The Plumbing is a Mess

Risk management models all assume well functioning markets. But building the markets themselves is a tough task. Sometimes the trading and the algorithms and such get way out ahead of the back room systems for execution. I’ve seen this topic recur in a number of settings recently, and its worth calling attention to them individually, and to the collective reminder that the plumbing is important, even if less glamorous.

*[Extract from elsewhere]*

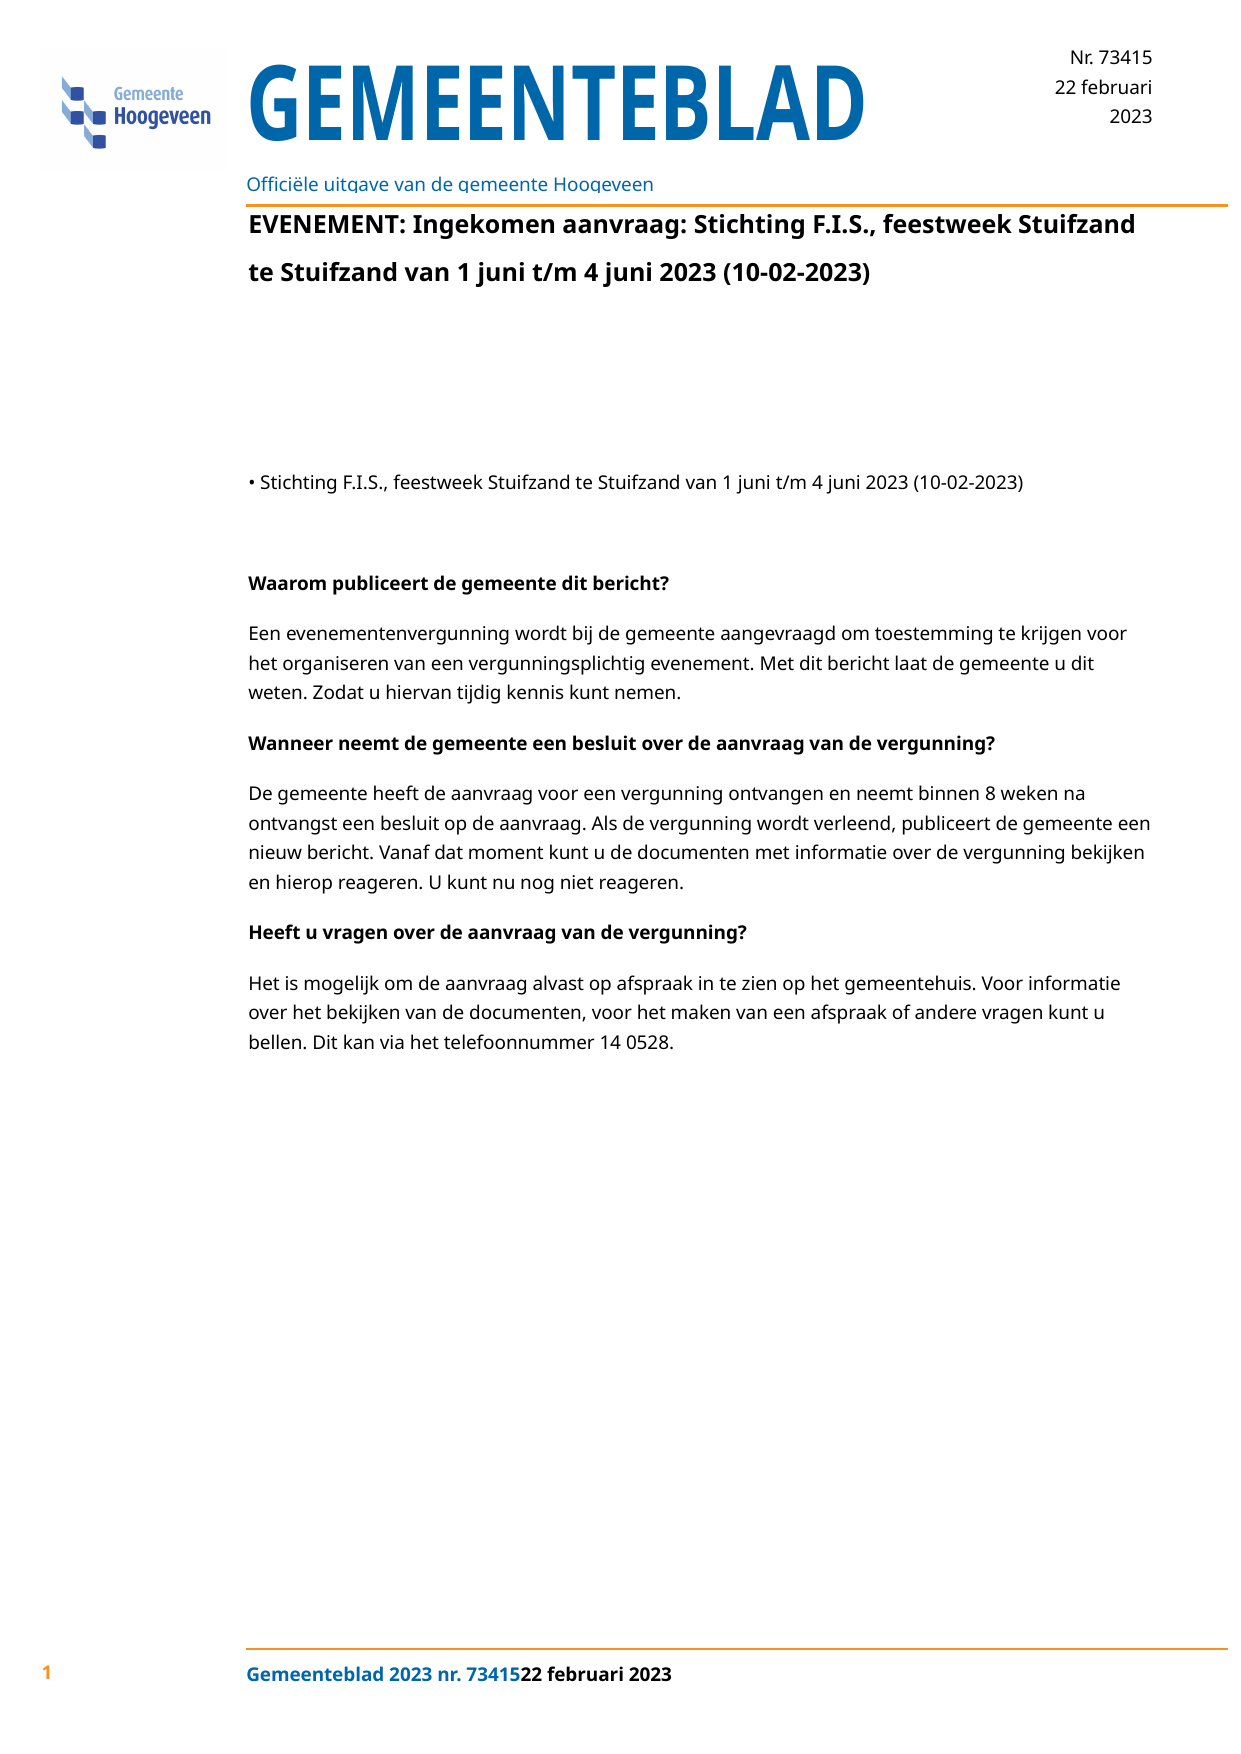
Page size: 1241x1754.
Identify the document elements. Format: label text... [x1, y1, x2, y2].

  • Today’s Financial Times has a long piece by Thomas Briathwaite on “Elusive Information”… “the creaking data architecture that underpins modern finance.”  He calls attention to how a lack of information handicapped both managers and regulators during the Great Financial Crisis. Giving regulators basic information about the OTC derivatives market is one of the objectives of Dodd-Frank. Before that law was passed, whole parts of the market were simply dark as far as regulatory authorities were concerned.
  • For MIT’s 150th celebration, the Economics and Finance departments hosted a symposium. Videos of all of the contributions are on-line. Bob Merton gave a luncheon talk (link here), and in his talk he mentioned that one of the things that surprised him in the Great Financial Crisis was the plumbing problem: poor documentation behind some of the complex securities. The securities, he said, are not really as complicated as many people imagine, but they become complicated when the underlying documentation is not actually available due to poor back office functions. (at minute 12:37)
  • One of the ironies of the crisis in the credit default swaps market is that shortly prior to the crisis, the New York Fed had identified this as a market that had rocketed up in volume, all the while the back office was left far behind–see this archive of press releases on the subject. The NY Fed had begun a program to remedy the situation, but events overtook the effort.
  • Another irony of the current political debates about an end-user exemption from the clearing mandate for OTC derivatives, is that the lobbyists demanding the exemption are loudly proclaiming the inadequacy of many end-users’ own ability to value the derivative instruments they own. They suggest that the requirement to put up the cash collateral will be burdensome because the companies do not have the ability to calculate the size of their potential derivative liabilities. But this admission of “inadequate plumbing” actually argues for the reverse. If they cannot anticipate the size of their accruing liabilities on a derivatives contract, then it is all the more important that the system demand they put sufficient cash aside up front. A company without adequate plumbing and no collateral requirement is all the more likely to be surprised when the bills come due.

Fancy models are great. But they all assume that someone will have installed good plumbing. In many cases, we learn that the plumbing is a mess. It is a reminder that we need to look after these less fashionable parts of the business, too.